The $31.4 billion worth of commitments in August was split between $19.5 billion worth of commitments by owner occupiers and $11.9 billion in commitments to investors. The value of lending to owner occupiers has fallen over two consecutive months while lending to investors has risen for the fourth consecutive month. The value of lending to owner occupiers is now -8.6% lower than its peak in December 2015. Investor lending remains well below its April 2015 peak, down -18.5% however, the recent rebound has seen the value of investor lending increase by 10.0% from its recent trough in April 2016.

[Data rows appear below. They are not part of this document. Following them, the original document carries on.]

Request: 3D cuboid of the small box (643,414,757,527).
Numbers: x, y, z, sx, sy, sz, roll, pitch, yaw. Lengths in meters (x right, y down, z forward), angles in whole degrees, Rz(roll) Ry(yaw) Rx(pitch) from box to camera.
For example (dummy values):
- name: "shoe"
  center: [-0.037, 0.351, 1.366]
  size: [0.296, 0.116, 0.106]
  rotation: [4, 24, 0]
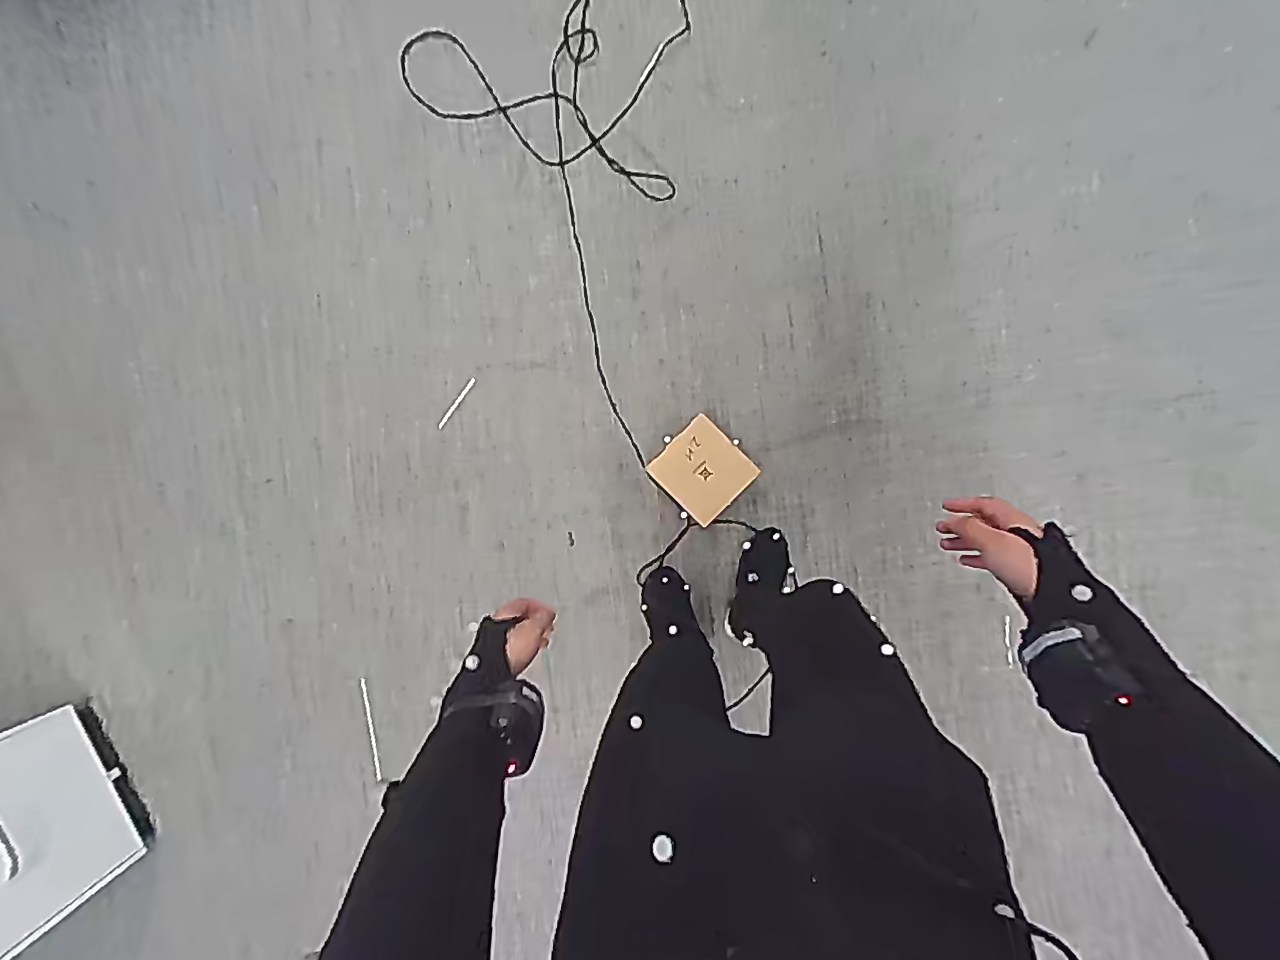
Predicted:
- name: "small box"
  center: [0.125, -0.025, 1.175]
  size: [0.179, 0.176, 0.168]
  rotation: [45, 92, 0]

The $19.5 billion worth of mortgage borrowing by owner occupiers was comprised of: $1.8 billion for construction of dwellings, $1.0 billion for purchase of new dwellings, $6.4 billion for refinancing of established dwellings and $10.2 billion for purchase of established dwellings. The two largest components of owner occupier lending; refinancing and purchase of established dwellings, have both trended lower over recent months. The value of refinance lending is -13.4% lower than its peak of $7.4 billion in December 2015 and purchase of established dwellings is -11.2% lower than its $11.5 billion peak in September 2015. With an interest rate cut which wasn’t passed on in full by most lenders in August, there is a decent probability that refinance activity will increase over the coming months.

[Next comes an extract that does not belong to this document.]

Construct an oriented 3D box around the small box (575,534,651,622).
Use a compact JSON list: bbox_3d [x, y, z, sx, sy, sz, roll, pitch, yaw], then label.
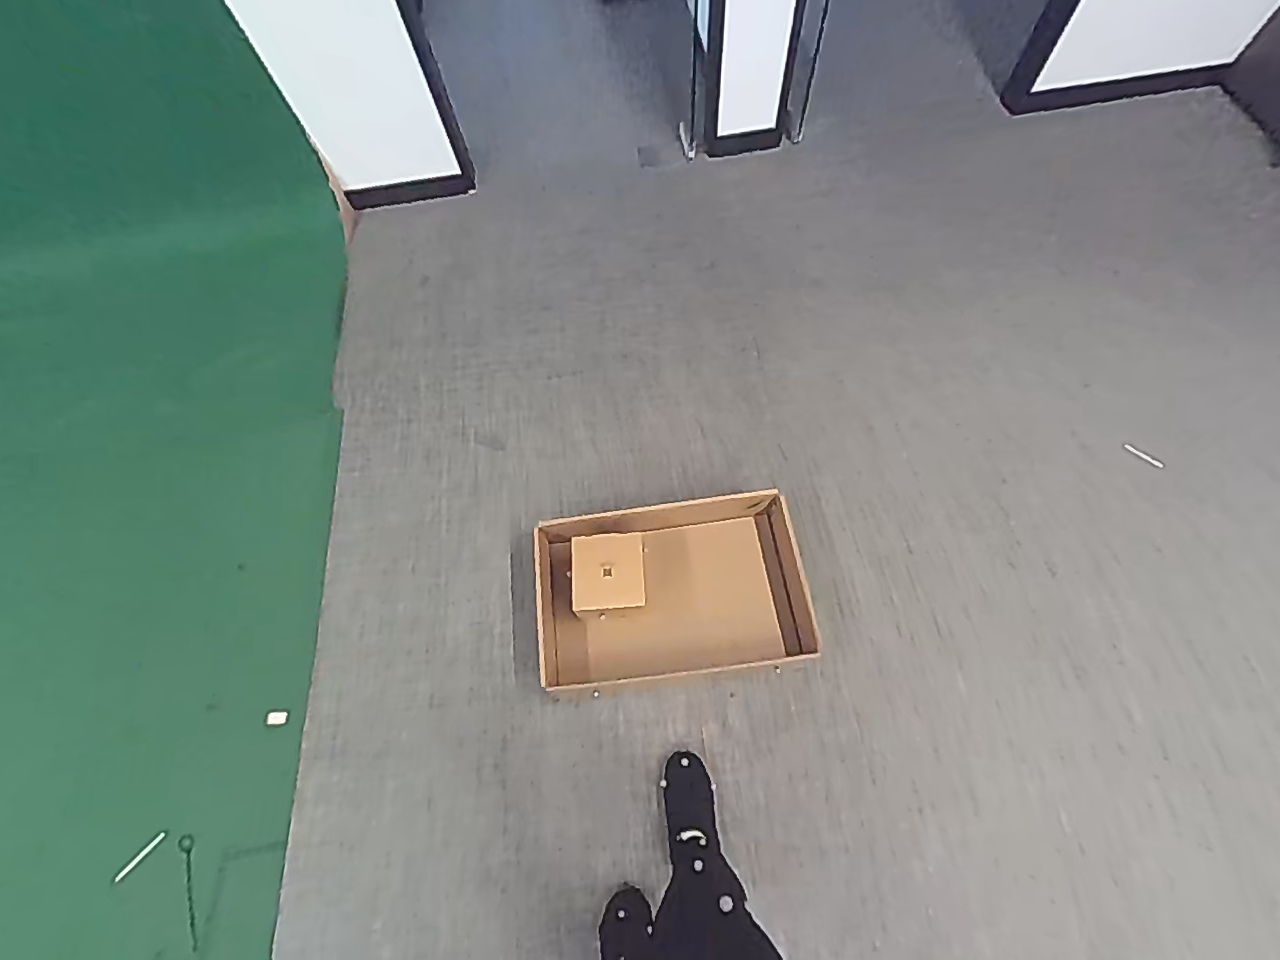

For investors there was $11.9 billion in mortgage lending in August 2016, which was split between $0.9 billion in lending for construction and $11.1 billion for established housing. The value of lending for construction was at its lowest level since September 2015 and down -49.5% from its recent peak of $1.7 billion in March 2016. The $11.1 billion in lending for established housing has increased over four consecutive months and is at its highest level since August 2015. Housing credit data also highlights the recent up-tick in investor mortgage lending with monthly investor credit data increasing over each of the five months to August 2016.
Focusing solely on new construction which includes owner occupier construction of dwellings, owner occupier purchase of new dwellings and investor lending for construction, there was $3.7 billion in lending in August 2016. The $3.7 billion was the lowest value of lending for new housing since September 2015 with lending for new housing having trended lower since March 2016. Based on this data, only 14.9% of the total value of housing finance commitments in August 2016 were for new housing. Of the $3.7 billion, 23.1% of lending was to investors.
The trends are emerging whereby demand from the investment segment is increasing again while owner occupier demand is slowing. Although investment demand is lifting, it is not expected to lift to the substantial levels recorded earlier in the current housing cycle. The fading demand from owner occupiers reflects that many have already upgraded or downgraded in the current cycle as much as the fact that particularly in Sydney and Melbourne it is probably getting a little harder to justify a move in the context of significant transactional costs. When owners look at the cost of upgrading and the market exit cost (agent commission etc) and entry costs (stamp duty) many are probably now considering a renovation as a better option than moving.
Housing market listings have increased in spring and over recent months auction volumes and clearance rates have also increased. It will be interesting to see whether this translates into a lift in housing finance commitments over the coming months as the data becomes avaialable.